After leaving Café Chanoir and parting with my friends, I got into a taxi alone. I was being shaken powerlessly while staring at the driver’s large shoulders. The surroundings suddenly darkened. The car passed through the forest of Ueno Park to take a shortcut. “Hey” I involuntarily tried to place my hand on the driver’s shoulder. Because that suddenly made me recall Maki’s large shoulders. But my heavy hand hardly tried to leave my body. My heart was constricted by sorrow. The headlights illuminated only a portion of the lawn. That lawn suddenly revived this morning's dream within me. The face of her in the dream drew near enough to touch my face. However, that face clumsily comforted me.

3

Midsummer days. The intense sunlight, just as it obscured the view of goldfish in a bowl, didn't allow me to clearly see the sorrow within my heart. And the heat paralyzed all my senses. I could hardly comprehend what surrounded me. I was just dazedly existing amid the smell of frying pans, the glare off laundry, and the roar of automobiles passing beneath my window.

But when night came, my sadness became clearly visible to me. One by one, all sorts of memories came flooding back. The park's memory came to the forefront. Then that one alone rapidly grew larger, and all other memories were hidden behind it. I was terribly afraid of this memory. And trying to separate it from myself, I began to struggle like a madman.

I walked without caring where. I walked simply because I didn’t want to be inside myself. What I needed was to be far away not just from her and my friends, but even from myself. I feared all memories, and I feared performing any action that might bring new memories. For that reason, I did not try to do anything other than pollute the sidewalk with my own shadow.

One night, a young woman wearing a yellow sash passed by me, smiling as she went. I followed her with a kind of pleasure. But when she entered a shop, I walked away without waiting at all. I immediately forgot her. Two or three days later, I noticed a young woman wearing a yellow sash walking through the crowd again. I quickened my pace. Yet even when I caught up and looked, I could no longer tell if she was the same woman from days before. And finding myself so absent-minded pleased my sorrow.

Sometimes, small bars facing the sidewalk pulled me in. In the dim, smoke-hazed interior, I dirtied my table with cigarette ashes and liquor stains. And finally, that soiled table made me recall the long, long sidewalk that my shadow had polluted all night. I felt utterly exhausted. I left that place, immediately leaped into a taxi, and then leaped into bed. And I fell into sleep like a stone.

One night, while walking through the crowd, I was vaguely watching a young man approaching from ahead. Then that young man stopped in front of me. It was one of my friends. I suddenly burst out laughing while grasping his hand.

“Oh, it’s you.” “Did you forget about me?”

“Ah, I completely forgot!”

I said with deliberate cheerfulness. However, even as I looked at him, I did not overlook how my failure to recognize him—how utterly absent-minded I had been—seemed to be causing him sorrow.

“Why didn’t you come to us?” “I didn’t meet anyone at all.” “I didn’t want to meet anyone at all.”
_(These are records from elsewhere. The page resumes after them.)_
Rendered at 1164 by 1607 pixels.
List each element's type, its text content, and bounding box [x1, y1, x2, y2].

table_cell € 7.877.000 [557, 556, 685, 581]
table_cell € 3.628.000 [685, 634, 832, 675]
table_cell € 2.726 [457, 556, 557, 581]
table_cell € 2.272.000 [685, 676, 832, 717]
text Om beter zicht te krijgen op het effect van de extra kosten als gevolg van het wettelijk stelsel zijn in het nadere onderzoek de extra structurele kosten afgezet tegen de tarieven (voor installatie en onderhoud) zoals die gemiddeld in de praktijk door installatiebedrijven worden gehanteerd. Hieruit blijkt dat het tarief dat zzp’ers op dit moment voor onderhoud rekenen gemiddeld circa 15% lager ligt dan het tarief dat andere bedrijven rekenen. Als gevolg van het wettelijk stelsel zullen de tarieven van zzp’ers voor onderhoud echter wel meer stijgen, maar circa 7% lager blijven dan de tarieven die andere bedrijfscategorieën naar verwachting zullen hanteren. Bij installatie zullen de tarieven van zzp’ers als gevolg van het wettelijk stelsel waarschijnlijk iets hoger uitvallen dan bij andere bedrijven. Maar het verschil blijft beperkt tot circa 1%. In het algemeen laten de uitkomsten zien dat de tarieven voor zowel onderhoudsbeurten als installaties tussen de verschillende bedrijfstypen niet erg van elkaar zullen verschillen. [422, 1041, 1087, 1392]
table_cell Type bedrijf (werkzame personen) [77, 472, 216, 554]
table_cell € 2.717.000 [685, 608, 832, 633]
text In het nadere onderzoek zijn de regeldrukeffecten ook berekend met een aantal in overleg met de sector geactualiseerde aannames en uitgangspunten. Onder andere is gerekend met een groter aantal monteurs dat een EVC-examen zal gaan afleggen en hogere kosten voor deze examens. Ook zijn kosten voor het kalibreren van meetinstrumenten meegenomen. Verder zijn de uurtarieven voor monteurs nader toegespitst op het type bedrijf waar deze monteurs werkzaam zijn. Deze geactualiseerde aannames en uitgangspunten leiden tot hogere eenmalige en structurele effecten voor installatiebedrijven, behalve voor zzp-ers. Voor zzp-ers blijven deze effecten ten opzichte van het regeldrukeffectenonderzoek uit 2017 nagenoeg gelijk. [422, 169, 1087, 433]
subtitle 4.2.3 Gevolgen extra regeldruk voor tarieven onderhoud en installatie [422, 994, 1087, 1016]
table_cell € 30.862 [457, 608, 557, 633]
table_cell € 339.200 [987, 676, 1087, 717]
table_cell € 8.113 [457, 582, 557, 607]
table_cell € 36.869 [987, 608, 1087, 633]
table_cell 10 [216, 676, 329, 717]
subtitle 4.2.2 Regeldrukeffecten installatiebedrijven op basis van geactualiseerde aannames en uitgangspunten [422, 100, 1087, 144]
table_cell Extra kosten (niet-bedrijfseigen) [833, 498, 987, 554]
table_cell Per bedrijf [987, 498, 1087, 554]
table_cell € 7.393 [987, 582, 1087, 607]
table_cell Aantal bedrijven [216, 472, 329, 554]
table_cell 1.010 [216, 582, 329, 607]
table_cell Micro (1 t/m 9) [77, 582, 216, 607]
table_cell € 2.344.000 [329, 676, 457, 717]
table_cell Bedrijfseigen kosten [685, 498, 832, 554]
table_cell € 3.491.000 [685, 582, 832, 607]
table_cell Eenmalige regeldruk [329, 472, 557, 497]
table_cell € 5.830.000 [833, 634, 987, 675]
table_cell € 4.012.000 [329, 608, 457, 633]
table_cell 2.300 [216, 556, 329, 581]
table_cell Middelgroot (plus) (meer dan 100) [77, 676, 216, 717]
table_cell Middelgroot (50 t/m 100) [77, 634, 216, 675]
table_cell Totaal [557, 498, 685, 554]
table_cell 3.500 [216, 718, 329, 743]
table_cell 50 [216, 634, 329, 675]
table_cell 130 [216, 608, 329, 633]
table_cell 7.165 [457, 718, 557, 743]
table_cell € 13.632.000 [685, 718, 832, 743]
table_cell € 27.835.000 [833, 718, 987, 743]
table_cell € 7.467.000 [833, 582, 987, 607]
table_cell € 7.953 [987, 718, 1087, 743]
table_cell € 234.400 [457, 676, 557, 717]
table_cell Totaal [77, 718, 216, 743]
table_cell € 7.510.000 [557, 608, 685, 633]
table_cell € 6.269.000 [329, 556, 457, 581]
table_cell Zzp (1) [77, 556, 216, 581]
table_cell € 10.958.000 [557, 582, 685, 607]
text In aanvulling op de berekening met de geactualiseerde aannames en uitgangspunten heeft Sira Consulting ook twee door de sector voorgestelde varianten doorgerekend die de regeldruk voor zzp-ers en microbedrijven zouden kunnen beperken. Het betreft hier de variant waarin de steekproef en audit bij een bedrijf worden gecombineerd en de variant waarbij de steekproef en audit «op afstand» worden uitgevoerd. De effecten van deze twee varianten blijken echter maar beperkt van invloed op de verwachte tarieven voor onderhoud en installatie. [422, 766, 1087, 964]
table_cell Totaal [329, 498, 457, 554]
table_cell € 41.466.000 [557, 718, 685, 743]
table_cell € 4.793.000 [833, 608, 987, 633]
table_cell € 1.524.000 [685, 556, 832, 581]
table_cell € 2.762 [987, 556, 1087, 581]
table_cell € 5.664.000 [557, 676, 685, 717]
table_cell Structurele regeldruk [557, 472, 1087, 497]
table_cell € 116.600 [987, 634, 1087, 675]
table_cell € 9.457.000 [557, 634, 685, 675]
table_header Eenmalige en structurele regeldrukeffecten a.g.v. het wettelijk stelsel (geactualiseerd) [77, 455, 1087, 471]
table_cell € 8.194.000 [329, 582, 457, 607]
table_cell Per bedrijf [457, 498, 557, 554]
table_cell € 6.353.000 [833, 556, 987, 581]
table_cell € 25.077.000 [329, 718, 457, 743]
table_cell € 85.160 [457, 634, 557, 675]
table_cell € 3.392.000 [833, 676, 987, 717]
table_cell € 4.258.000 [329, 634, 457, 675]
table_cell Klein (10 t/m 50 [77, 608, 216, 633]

“Hmph... Then you don’t know about Maki either.”

“I don’t know.” Then he began walking in silence without uttering a word. I sensed that his impending talk about Maki would inevitably overturn my heart once more. Yet I followed him like a dog.

“That woman was an angel, you know.” He pronounced the word “angel” contemptuously.

"Maki often took that woman to baseball games and the cinema." "At first, by Maki's telling, she'd been utterly bewitching." "But then Maki went and made this roundabout proposal about sleeping together." "Next thing you know, her whole manner toward him changed completely." "After that? Her coldness near about killed him with misery." "Can't tell if she's clueless about men's hearts or just gets off on torturing them." "Arrogant bitch or plain stupid—take your pick.—Hey! Whiskey!" "You having any?"

“I don’t need any.” I shook my head. I felt it as if it were someone else’s head. “And then...” My friend continued. “Maki suddenly vanished somewhere. When we were wondering what happened, yesterday he came swaggering back.” “Turns out he’d been in Kobe for a week—wearing himself out roaming bars every day to exhaust those swollen desires of his.” “Now he’s got that look like all the bile in his gut’s settled.” “More practical than I gave him credit for.”

While feeling my head gradually fill with the buzzing of bees, I silently listened to my friend's story. During that time, I occasionally looked up at my friend's face. That made me recall my own self who had been so absent-minded as I stared at that face in the crowd earlier without realizing it was him, and then made me recall all the pain that had been consuming me to such an extent.

4

For several days prior, I had been conditioning myself not to recall her face at all. This made me believe she no longer existed. Yet it was like growing accustomed to my room's disarray until I stopped noticing it altogether—like convincing myself the pipe buried beneath book piles had vanished. Moving those books would inevitably reveal the pipe beneath.

In this way, when she reappeared before me, her very presence revived within me a love for her that was no different from before. However, my reason had piled up between her and me my wounded self-esteem and all the memories of pain. Nevertheless, through all those things, a single poignant emotion—the doubt that perhaps it was still me whom she truly loved—began to invade my being. That is the definite sign of love. And by acknowledging that, I inevitably experienced the despairing feelings of a patient who cannot escape his own illness.

Time corrodes pain. But it does not sever it. I rather desired to be operated on. That very impatience of mine gave me the bold idea to go alone to Café Chanoir to meet her.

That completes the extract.